09 Nov Journal Reflection
St. Thomas Aquinas (1225-1274 A.D.) was an Italian Dominican Friar and stands as one of the towering intellectuals of Western philosophical and theological thought. He lived during the Middle Ages, came from Italy, studied in Naples and Paris, and is certainly one of the giants of the Catholic Intellectual Tradition. His Summa Contra Gentiles was a revolutionary, intellectual, and creative work. He wrote it to engage the wisdom of the Greek, Arab, and Jewish intellectual, philosophical, and theological thinking.
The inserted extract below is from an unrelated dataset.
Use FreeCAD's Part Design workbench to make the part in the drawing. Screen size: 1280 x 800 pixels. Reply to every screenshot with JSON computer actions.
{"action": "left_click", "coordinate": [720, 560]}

We are reading a short selection from Book ONE on God to grapple with Aquinas’ exposition of the compatibility of faith and reason—a cornerstone of the CIT.
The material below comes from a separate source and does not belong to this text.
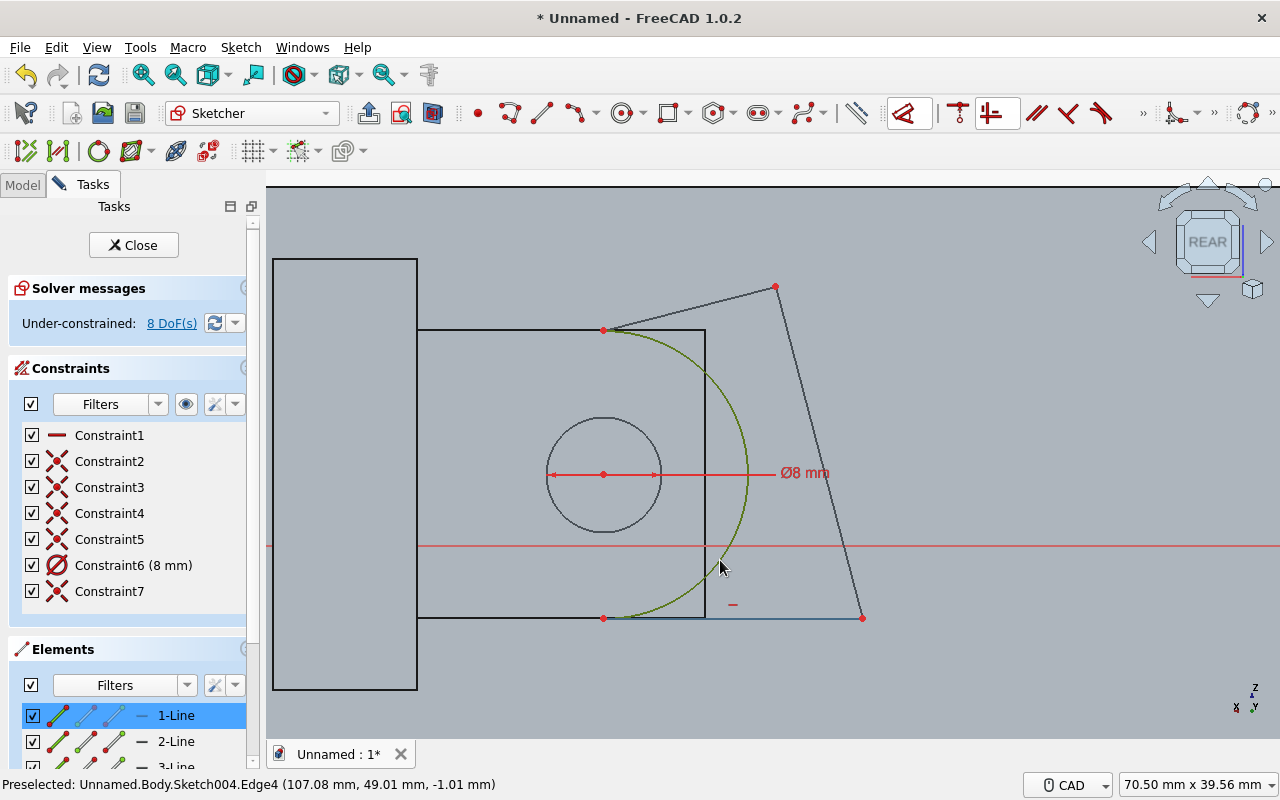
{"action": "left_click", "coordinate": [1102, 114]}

- In chapter 3 “On ways in which Divine Truth is made known” what to sections 1,2,3: what are the twofold modes of ascertaining truth about God? What does reason perceive? What does that relate to perceiving the Divine substance? What does knowledge from the senses give us? How does that relate to knowledge of God?
- In chapter 6 “That to give assent to truths of faith is not foolishness,” chapter 1—why is it not foolishness?
- In chapter 7, “That the truth of reason is not opposed to the truth of the Christian Faith,” sections 1,2,3,4: How so? What is Aquinas explanation?
- In chapter 8, “How human reason is related to the truth of faith,” —how so? What explanation does Aquinas provide?
- Go back and look at the two editorials that we briefly discussed the first days of class. How do those editorials ‘fit in’ here?
- How does Thomas’s work here in Summa Contra Gentiles relate to Claims of the CIT? to any of the Four Big Questions? To our world today?